For the word "photo", state how many lines of the data include it. Respond with the number only.

§ **Exercise data**:
↓
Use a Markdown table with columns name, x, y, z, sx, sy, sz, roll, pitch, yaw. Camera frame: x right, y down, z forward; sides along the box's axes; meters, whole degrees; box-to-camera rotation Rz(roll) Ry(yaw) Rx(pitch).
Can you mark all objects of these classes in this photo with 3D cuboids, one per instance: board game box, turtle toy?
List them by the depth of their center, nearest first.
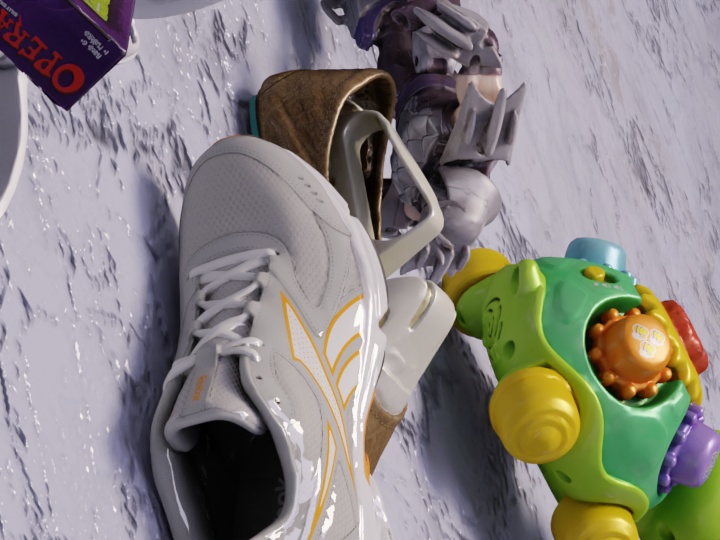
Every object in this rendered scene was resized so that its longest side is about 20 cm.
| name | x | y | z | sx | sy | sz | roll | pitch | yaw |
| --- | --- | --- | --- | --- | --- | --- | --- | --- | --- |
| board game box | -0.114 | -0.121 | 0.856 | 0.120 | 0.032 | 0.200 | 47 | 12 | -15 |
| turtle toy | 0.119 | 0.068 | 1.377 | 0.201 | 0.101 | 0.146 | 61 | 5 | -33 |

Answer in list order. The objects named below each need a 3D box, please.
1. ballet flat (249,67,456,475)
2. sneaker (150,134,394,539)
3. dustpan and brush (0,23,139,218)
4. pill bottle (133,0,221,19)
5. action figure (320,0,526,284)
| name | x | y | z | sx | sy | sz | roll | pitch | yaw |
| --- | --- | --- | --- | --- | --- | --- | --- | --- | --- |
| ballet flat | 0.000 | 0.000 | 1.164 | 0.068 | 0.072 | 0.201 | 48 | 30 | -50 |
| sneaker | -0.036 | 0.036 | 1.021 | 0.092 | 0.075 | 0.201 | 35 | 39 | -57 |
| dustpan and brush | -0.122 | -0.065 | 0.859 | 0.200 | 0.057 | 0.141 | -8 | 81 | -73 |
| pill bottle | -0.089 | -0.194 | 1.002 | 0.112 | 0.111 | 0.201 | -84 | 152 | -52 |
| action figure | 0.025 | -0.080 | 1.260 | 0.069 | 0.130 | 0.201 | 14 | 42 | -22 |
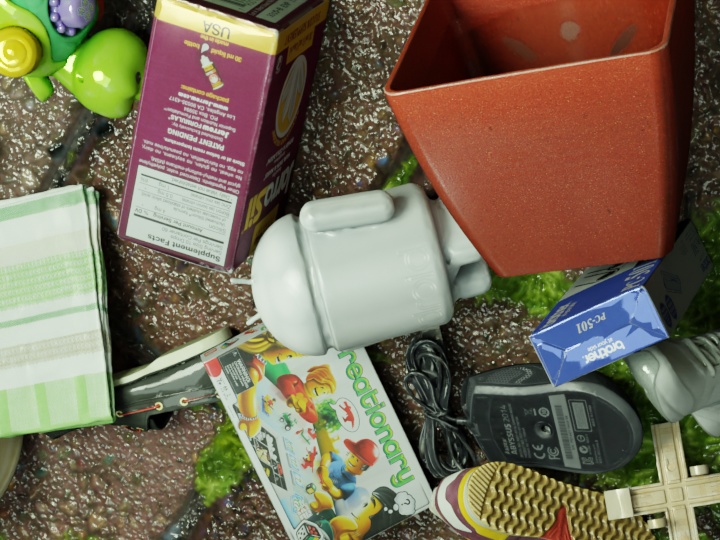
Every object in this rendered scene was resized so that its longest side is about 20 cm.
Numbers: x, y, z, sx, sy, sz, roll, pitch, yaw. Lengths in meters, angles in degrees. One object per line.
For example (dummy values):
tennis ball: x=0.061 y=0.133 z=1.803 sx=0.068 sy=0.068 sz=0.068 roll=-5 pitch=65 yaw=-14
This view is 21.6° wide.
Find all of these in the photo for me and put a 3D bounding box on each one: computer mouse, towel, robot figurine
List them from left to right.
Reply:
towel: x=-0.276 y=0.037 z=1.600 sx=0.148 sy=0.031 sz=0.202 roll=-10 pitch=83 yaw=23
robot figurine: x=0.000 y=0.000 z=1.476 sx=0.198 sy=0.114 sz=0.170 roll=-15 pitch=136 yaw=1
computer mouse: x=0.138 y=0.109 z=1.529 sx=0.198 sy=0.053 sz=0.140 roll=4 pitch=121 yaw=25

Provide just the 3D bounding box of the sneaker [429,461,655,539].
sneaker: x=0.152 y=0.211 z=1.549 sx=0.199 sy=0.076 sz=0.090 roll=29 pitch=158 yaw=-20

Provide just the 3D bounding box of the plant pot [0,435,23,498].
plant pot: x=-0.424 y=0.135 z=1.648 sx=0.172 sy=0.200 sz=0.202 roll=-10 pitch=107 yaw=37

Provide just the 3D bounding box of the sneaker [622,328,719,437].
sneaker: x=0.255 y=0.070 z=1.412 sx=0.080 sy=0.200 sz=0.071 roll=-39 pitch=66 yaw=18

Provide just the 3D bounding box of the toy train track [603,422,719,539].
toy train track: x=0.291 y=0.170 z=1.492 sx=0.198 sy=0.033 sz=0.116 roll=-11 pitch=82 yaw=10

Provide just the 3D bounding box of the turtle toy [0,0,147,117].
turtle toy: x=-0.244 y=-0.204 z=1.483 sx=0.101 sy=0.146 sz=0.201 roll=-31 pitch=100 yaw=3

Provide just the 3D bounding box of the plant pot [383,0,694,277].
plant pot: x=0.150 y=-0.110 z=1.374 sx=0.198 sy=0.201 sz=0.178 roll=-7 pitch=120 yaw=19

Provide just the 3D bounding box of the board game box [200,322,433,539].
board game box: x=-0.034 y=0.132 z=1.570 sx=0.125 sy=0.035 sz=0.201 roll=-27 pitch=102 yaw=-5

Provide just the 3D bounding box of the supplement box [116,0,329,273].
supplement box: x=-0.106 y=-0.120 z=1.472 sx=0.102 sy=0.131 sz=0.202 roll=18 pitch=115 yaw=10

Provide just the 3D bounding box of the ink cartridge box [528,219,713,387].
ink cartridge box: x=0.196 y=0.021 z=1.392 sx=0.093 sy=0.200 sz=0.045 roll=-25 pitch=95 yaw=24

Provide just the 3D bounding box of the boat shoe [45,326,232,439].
↑
§ **Exercise answer**: 2